The brass sculptures resonate with mesmerizing sounds which spread through the room. The checklist notes sine waves as one of the art materials; that’s about as pure and crystalline as things get. The text also notes that the sound contains “spectral artifacts” and “static” of 1960s and ’70s radio broadcasts, including those addressing “social and environmental struggles”; I couldn’t make this out very well. The high-pitched sounds are often subtle, but at other times pronounced and insistent. They also constantly change with the movement of viewers, whether one is up close or distant, and with flowing wind as the doors open and close. Viewers here are not just consumers but also (as I experienced) rapt participants. They change the music, and the music changes them.
The installation in the next room is much more elaborate, and specifically responds to the architecture, especially the impressive, vaulted ceiling full of dark brown wooden beams that loosely resemble the ribbing of a ship.

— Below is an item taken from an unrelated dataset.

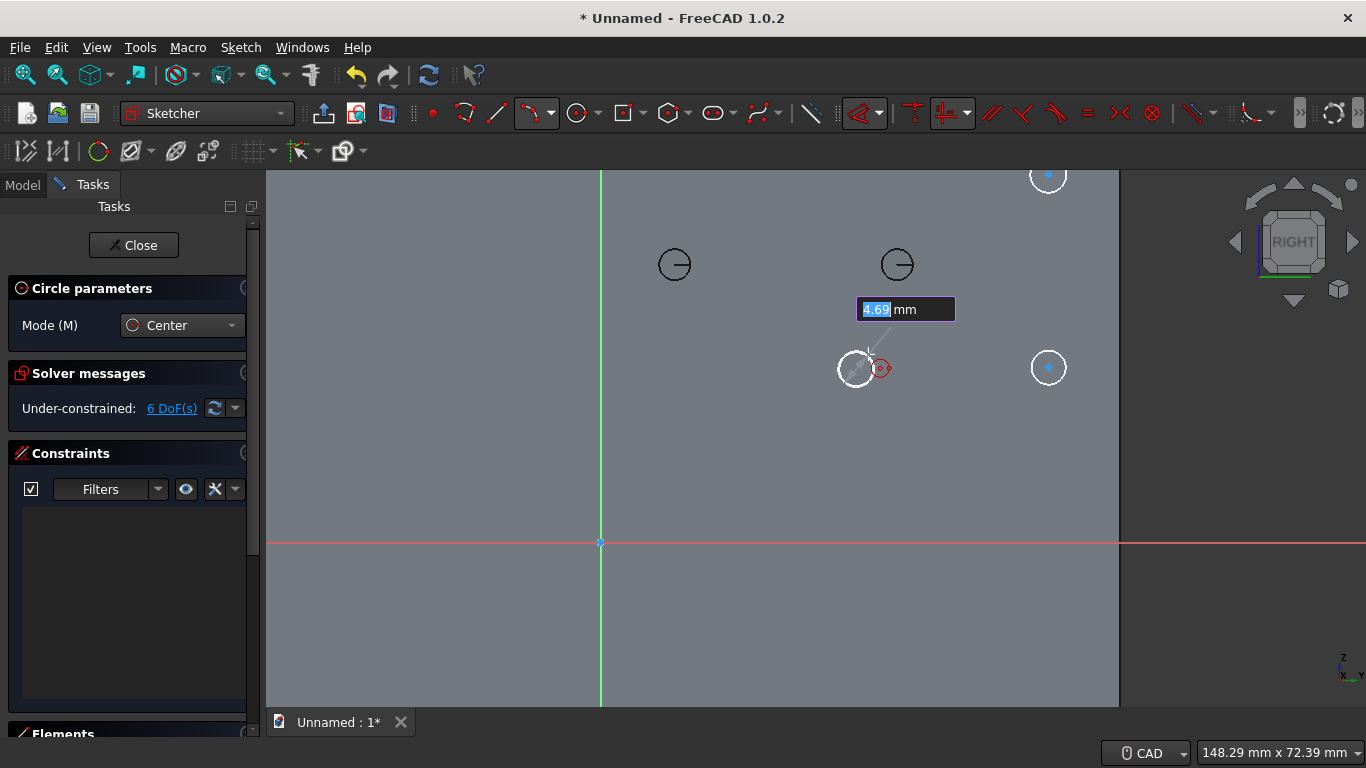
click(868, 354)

Similarly colored beams are arrayed in different configurations as if they’ve spilled from the ceiling — they are leaning against the walls and gathered on the floor. Obviously precisely arranged, they also suggest haphazard industrial materials, perhaps from a demolished building, the aftermath of a severe storm, or some other trauma. This neighborhood was walloped by Hurricane Sandy in 2012, an extremely destructive storm linked to global warming. It has also gone through many convulsions and incarnations through the decades, with buildings torn down and new ones erected, people displaced and new ones arriving.
The entangled wooden beams also function as speakers, emitting a captivating, ever-changing choral soundtrack in twelve voices, both female and male, along with the intermittent sound of grinding teeth, which introduces a note of anxiety. The voices are low, somber, sometimes droning and mournful but also very lovely, even uplifting. One can sit or lie on the beams, surrendering to the flow of the music, hearing it as it travels — over there, across the room, behind one’s back, then suddenly right here beneath one, under this vibrating beam, which makes things suddenly intimate.